Check if the dataset is split and structured as expected:


                The training dataset.

                The validation dataset.

                The test dataset.

Convert the Train and Validation Datasets to CSV Files

Convert the train and validation dataframe objects to CSV files to match the input file format for the XGBoost algorithm.

# Use 'csv' format to store the data # The first column is expected to be the output column train.to_csv('train.csv', index=False, header=False) validation.to_csv('validation.csv', index=False, header=False)

Upload the Datasets to Amazon S3

Using the SageMaker and Boto3, upload the training and validation datasets to the default Amazon S3 bucket. The datasets in the S3 bucket will be used by a compute-optimized SageMaker instance on Amazon EC2 for training.

The following code sets up the default S3 bucket URI for your current SageMaker session, creates a new demo-sagemaker-xgboost-adult-income-prediction folder, and uploads the training and validation datasets to the data subfolder.
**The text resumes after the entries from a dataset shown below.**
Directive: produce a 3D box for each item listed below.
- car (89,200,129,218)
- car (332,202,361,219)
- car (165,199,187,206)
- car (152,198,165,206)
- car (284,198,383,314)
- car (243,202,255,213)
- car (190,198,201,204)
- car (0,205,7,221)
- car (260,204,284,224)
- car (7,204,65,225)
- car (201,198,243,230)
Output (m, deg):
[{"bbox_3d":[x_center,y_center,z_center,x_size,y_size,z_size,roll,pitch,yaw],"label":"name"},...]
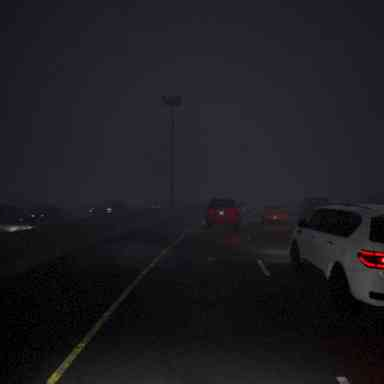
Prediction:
[{"bbox_3d":[-7.315,1.543,29.762,2.097,1.767,4.553,0,0,12],"label":"car"},{"bbox_3d":[15.137,1.788,32.794,1.812,1.442,4.674,0,0,15],"label":"car"},{"bbox_3d":[-2.878,2.049,65.564,1.895,1.301,4.718,0,0,25],"label":"car"},{"bbox_3d":[-6.042,1.996,67.079,2.033,1.411,5.357,0,0,25],"label":"car"},{"bbox_3d":[3.944,1.286,7.848,2.150,2.045,5.566,0,0,3],"label":"car"},{"bbox_3d":[6.729,1.905,41.467,1.895,1.301,4.718,0,0,17],"label":"car"},{"bbox_3d":[1.211,1.957,65.980,1.837,1.490,4.892,0,0,25],"label":"car"},{"bbox_3d":[-15.172,1.696,26.176,2.033,1.411,5.357,0,0,10],"label":"car"},{"bbox_3d":[6.429,1.675,26.295,1.882,1.535,5.008,0,0,11],"label":"car"},{"bbox_3d":[-11.653,1.680,25.768,1.812,1.442,4.674,0,0,10],"label":"car"},{"bbox_3d":[2.237,1.389,22.932,2.150,2.045,5.566,0,0,9],"label":"car"}]
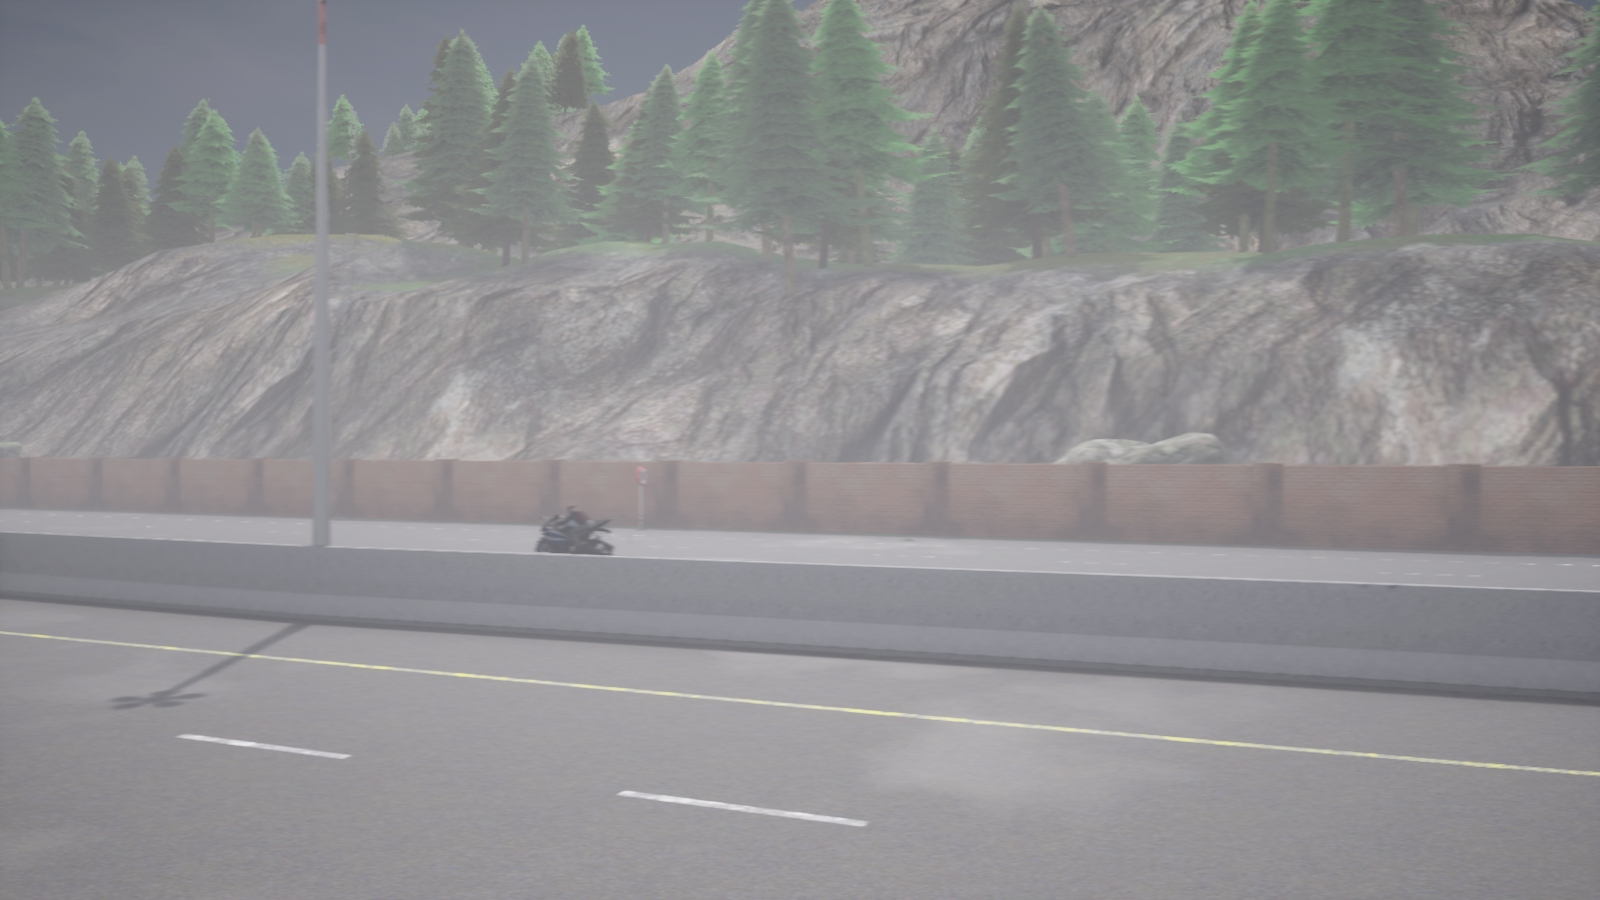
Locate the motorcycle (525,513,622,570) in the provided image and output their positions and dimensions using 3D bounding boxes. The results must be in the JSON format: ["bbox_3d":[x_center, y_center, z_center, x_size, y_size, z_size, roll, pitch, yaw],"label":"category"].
[{"bbox_3d":[-5.525,2.207,27.867,2.209,1.251,0.867,0,0,23],"label":"motorcycle"}]
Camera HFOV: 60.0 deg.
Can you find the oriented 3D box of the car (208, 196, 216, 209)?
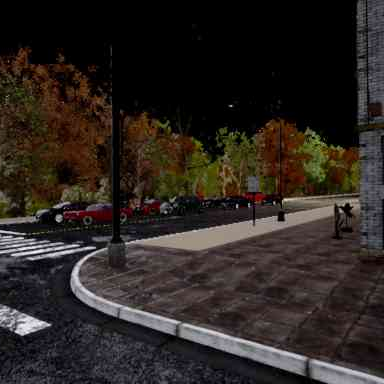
[{"bbox_3d":[2.532,1.195,39.968,2.128,1.511,4.902,-1,0,36],"label":"car"}]

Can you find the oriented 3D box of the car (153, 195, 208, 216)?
[{"bbox_3d":[-0.906,1.117,29.821,2.097,1.767,4.553,-1,0,36],"label":"car"}]

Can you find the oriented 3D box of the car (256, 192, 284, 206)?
[{"bbox_3d":[11.129,1.061,46.103,1.837,1.490,4.892,-1,0,37],"label":"car"}]

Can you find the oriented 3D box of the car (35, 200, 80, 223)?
[{"bbox_3d":[-8.926,1.406,24.399,1.837,1.490,4.892,-1,0,36],"label":"car"}]

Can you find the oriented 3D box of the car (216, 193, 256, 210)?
[{"bbox_3d":[5.068,1.166,37.929,1.837,1.490,4.892,-1,0,36],"label":"car"}]

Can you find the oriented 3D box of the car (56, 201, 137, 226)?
[{"bbox_3d":[-6.298,1.459,22.481,1.895,1.301,4.718,-1,0,36],"label":"car"}]

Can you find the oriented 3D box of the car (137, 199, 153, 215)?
[{"bbox_3d":[-3.648,1.374,31.572,1.994,1.385,4.181,-1,0,36],"label":"car"}]

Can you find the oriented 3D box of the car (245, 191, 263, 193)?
[{"bbox_3d":[8.727,0.817,48.320,2.150,2.045,5.566,-1,0,37],"label":"car"}]
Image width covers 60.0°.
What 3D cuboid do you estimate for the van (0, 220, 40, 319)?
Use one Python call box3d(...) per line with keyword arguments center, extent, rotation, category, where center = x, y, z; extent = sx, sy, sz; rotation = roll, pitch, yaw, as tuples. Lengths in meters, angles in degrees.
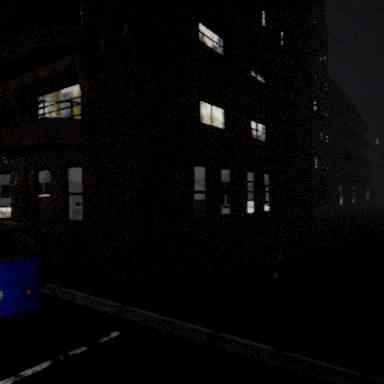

import sagemaker, boto3, os bucket = sagemaker.Session().default_bucket() prefix = "demo-sagemaker-xgboost-adult-income-prediction" boto3.Session().resource('s3').Bucket(bucket).Object( os.path.join(prefix, 'data/train.csv')).upload_file('train.csv') boto3.Session().resource('s3').Bucket(bucket).Object( os.path.join(prefix, 'data/validation.csv')).upload_file('validation.csv')

Run the following Amazon CLI to check if the CSV files are successfully uploaded to the S3 bucket.

! aws s3 ls {bucket}/{prefix}/data --recursive

This should return the following output:

                Output of the CLI command to check the datasets in the S3 bucket.